The alley first appears in R Horwood’s map of 1799 as a house-lined passage between North Street and Queen’s Row—today, that’s Basil Street and Brompton Road. It also had a spur off to one side – so more like a T-shaped passage.

R Horwood map 1799

The property estate was developed by a local market gardener, John Hooper — hence Hooper’s Court.

Although the buildings on either side of the alley changed over the years, the alley itself seemed untouched until the early 1900s, when the row of houses on the east was swept away to be replaced by the Basil Street Hotel.

On the corner of the hotel and the alley was an entrance into Knightsbridge tube station, hence the distinctive ox-blood red tiling and arches — although for most of its life, the old entrance had been painted white to match the hotel, so it wasn’t instantly obvious that it was an ex-tube station entrance.

The hotel was built after the station entrance had opened, wrapped around it in a design by Delissa Joseph. The tube entrance closed in the 1930s when the old lifts were replaced with escalators and new entrances on Brompton Road.

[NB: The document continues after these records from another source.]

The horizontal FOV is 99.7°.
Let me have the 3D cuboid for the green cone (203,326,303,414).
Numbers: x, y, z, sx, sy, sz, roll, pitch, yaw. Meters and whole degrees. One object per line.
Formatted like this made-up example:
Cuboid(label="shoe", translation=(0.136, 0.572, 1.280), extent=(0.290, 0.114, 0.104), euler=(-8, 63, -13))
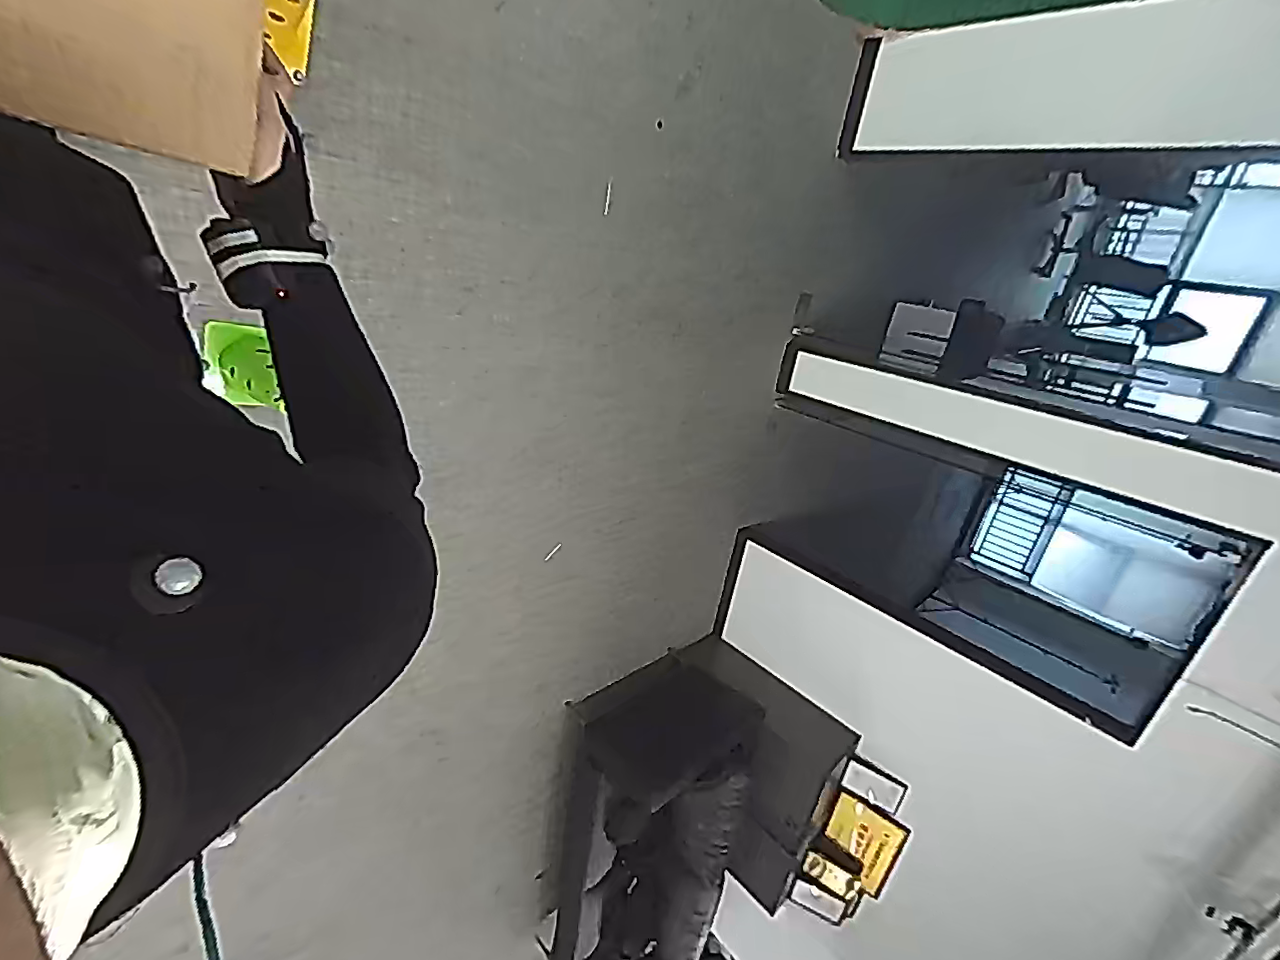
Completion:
Cuboid(label="green cone", translation=(-0.851, -0.215, 1.249), extent=(0.200, 0.368, 0.202), euler=(-5, 114, -47))

The hotel closed in September 2005 as part of the site’s redevelopment. Today, the old tube station entrance has been repurposed into a grand entrance for the residential flats that replaced the hotel.

On the other side is the former Knightsbridge fire station, which closed in 2014. The building was built in a “restrained free Baroque style”, and the lead architects were Owen Fleming and Charles Winmill, who had previously worked for the LCC Housing Department. The upper floors have since been converted to residential use.

The biggest change besides cleaning up the old hotel building has been at the other end of the alley.

Here, an ongoing project to reuse some of the old tube station passages that were closed in the 1930s for a new lift to provide step-free access to Knightsbridge tube station is nearly ready to be opened. So there’s the distinctive tube roundel—it was covered up on my visit—and the classic tube station entrance with the Bostwick gates waiting to be slid open for people to use the station.

However, the new arched tiled corridor is equally interesting, which replaced a rather bland rectangle of an entrance squashed next to the shops.

The dark grey corridor is now a bright and, dare I say it, welcoming space, with large globe lanterns above. It is also enlivened by the floral decoration on the tiles, and although you can’t see it, that floral motif extends inside the new office in Hooper’s Court as decorative detailing in the wood and bronze work.

The decoration reminds us of the time John Hooper was the market gardener here, creating a link between the modern alley and its origins as a farm.